Murray Rothbard’s criticism of the “Spooner-Tucker Doctrine” must be
judged within the viewpoint given above. He should realize that the
ideas and proposals of these men are their proposals, and did not
preclude other proposals. This was certainly the attitude of Spooner and
Tucker. And Rothbard should also take more pains than he has of
understanding just what precisely were these men’s ideas. He says that
“There would be no rational or objective body of law which the juries
would in any sense—even morally—be bound to consult”, etc. This is
hardly the fact. More common sense would suggest that any court would be
influenced by experience; and any free-market court or judge would in
the very nature of things have some precedent guiding them in their
instructions to a jury.

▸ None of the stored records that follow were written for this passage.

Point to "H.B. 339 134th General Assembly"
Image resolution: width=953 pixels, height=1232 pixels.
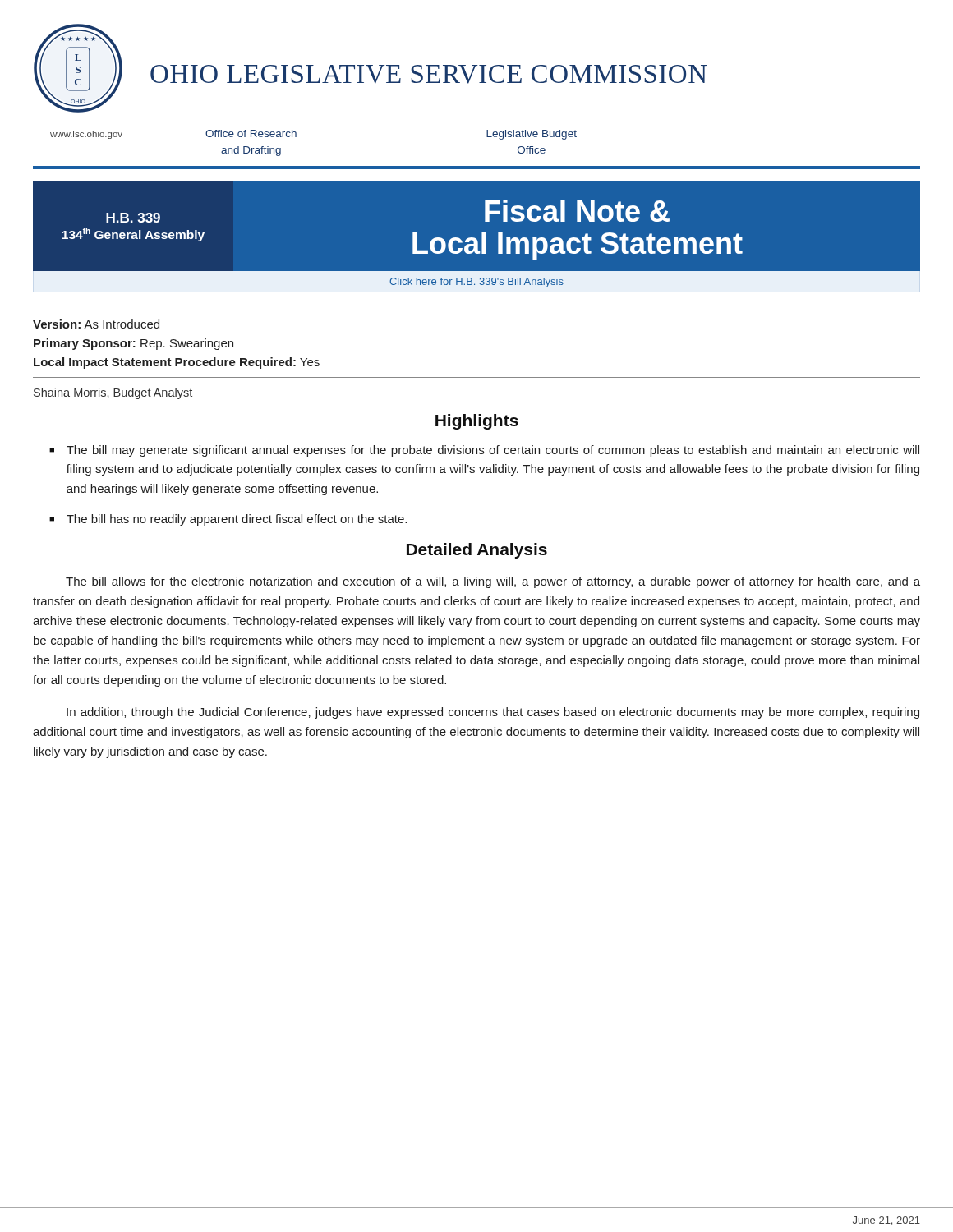[x=133, y=226]
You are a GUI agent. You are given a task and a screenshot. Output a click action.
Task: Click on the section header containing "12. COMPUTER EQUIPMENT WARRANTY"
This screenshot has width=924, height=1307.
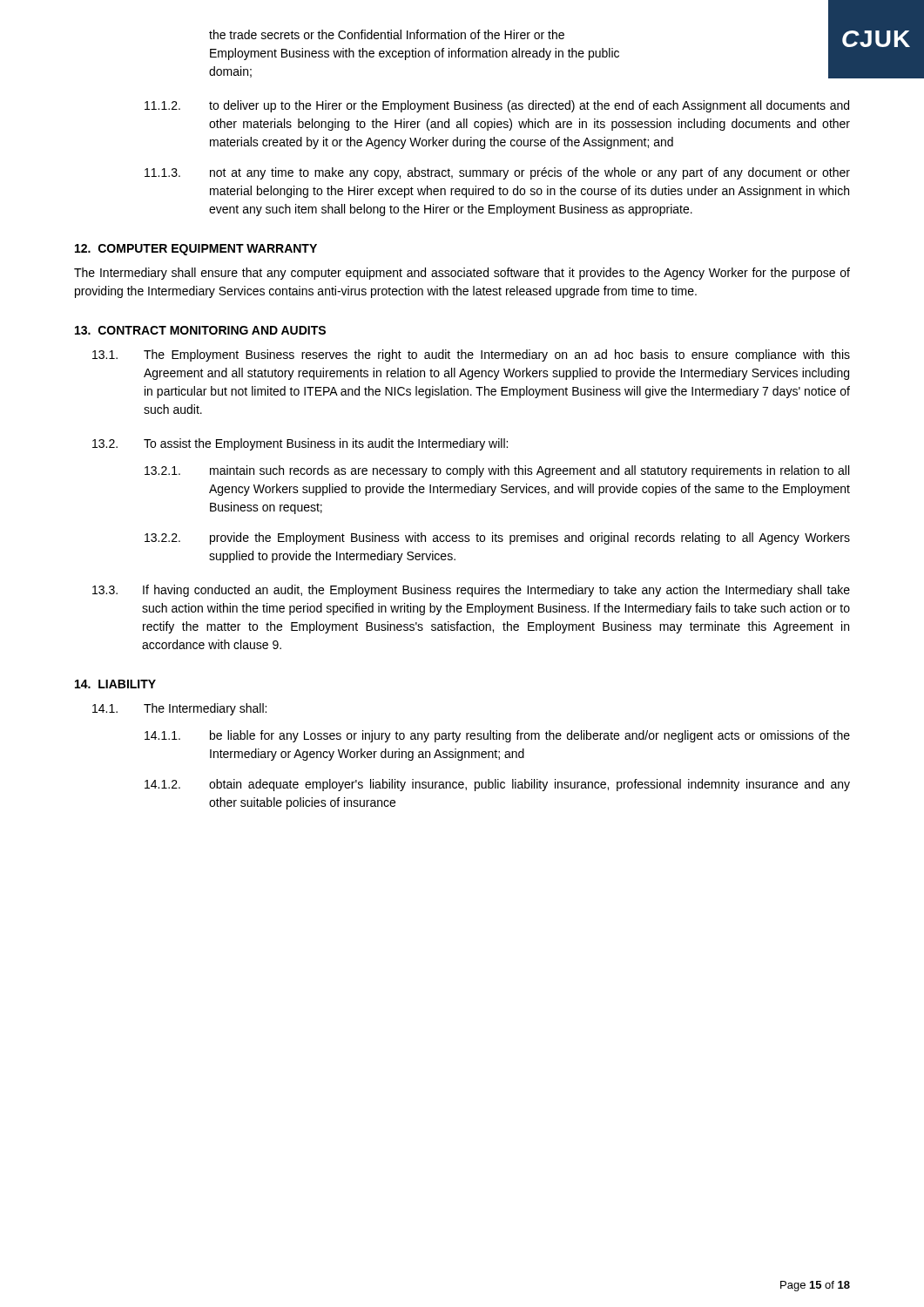[x=196, y=248]
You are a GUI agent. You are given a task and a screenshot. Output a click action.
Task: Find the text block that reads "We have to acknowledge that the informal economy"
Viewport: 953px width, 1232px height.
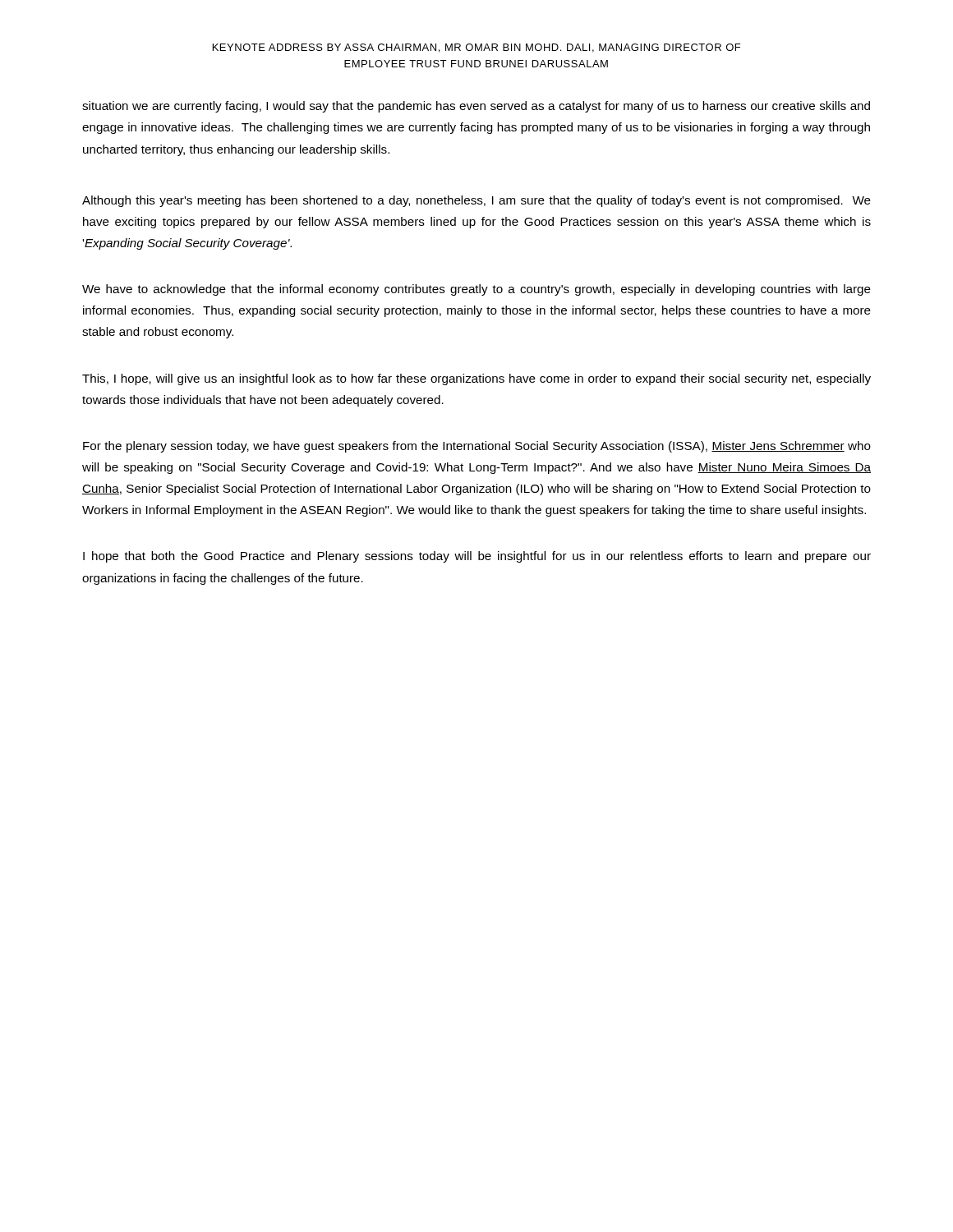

But since no case is exactly the same, a jury
would have considerable say about the heinousness of the offense in each
case, realizing that circumstances alter cases, and prescribe penalty
accordingly.[3] This appeared to Spooner and Tucker to be a more
flexible and equitable administration of justice possible or feasible,
human beings being what they are. There were numerous questions and
objections to the jury system, as envisioned by Spooner and Tucker, and
indeed as originally contemplated when the jury system was established,
and these were discussed and argued in quite some length in the columns
of Tucker’s Liberty.[4] The point here is that Rothbard was not quite
accurate in his statements about Spooner’s and Tucker’s position. And it
must be recognized and admitted that what is called “the administration
of justice” (which in its broader implications affect every aspect of
social life) is something that can never be perfect, and that men will
simply have to do the best they can.
But when Mr. Rothbard quibbles about the jurisprudential ideas of
Spooner and Tucker, and at the same time upholds presumably in his
courts the very economic evils which are at bottom the very reason for
human contention and conflict, he would seem to be a man who chokes at a
gnat while swallowing a camel. But of these matters I have commented
upon elsewhere.
Due to semantic difficulties caused by the use of a language spawned and
grown in regimes based on organized authority, coercion, and violence,
it becomes well-nigh impossible to articulately explain anarchism in
common vernacular. It becomes doubly difficult, if not impossible, to
explain the philosophy of anarchism to those whose basic assumption is
that humankind would run amok without some kind of authority. It would
be completely outside their frame of reference, which is to say that
such persons have no referents to which one might relate in order to
introduce them to the meaning of liberty. They simply cannot imagine
that human liberty can exist without some authoritarian enforcing
mechanism. Much less can they conceive that such an authoritarian
organization is the very thing that is causing social disorder.
Laurance Labadie
[1] “Discrete” misspelled as “discreet.”
[2] “Anarchism” misspelled as “anarshism.”
[3] “Heinousness” misspelled as “heiniousness.”
[4] “Questions” mistakenly spelled as singular.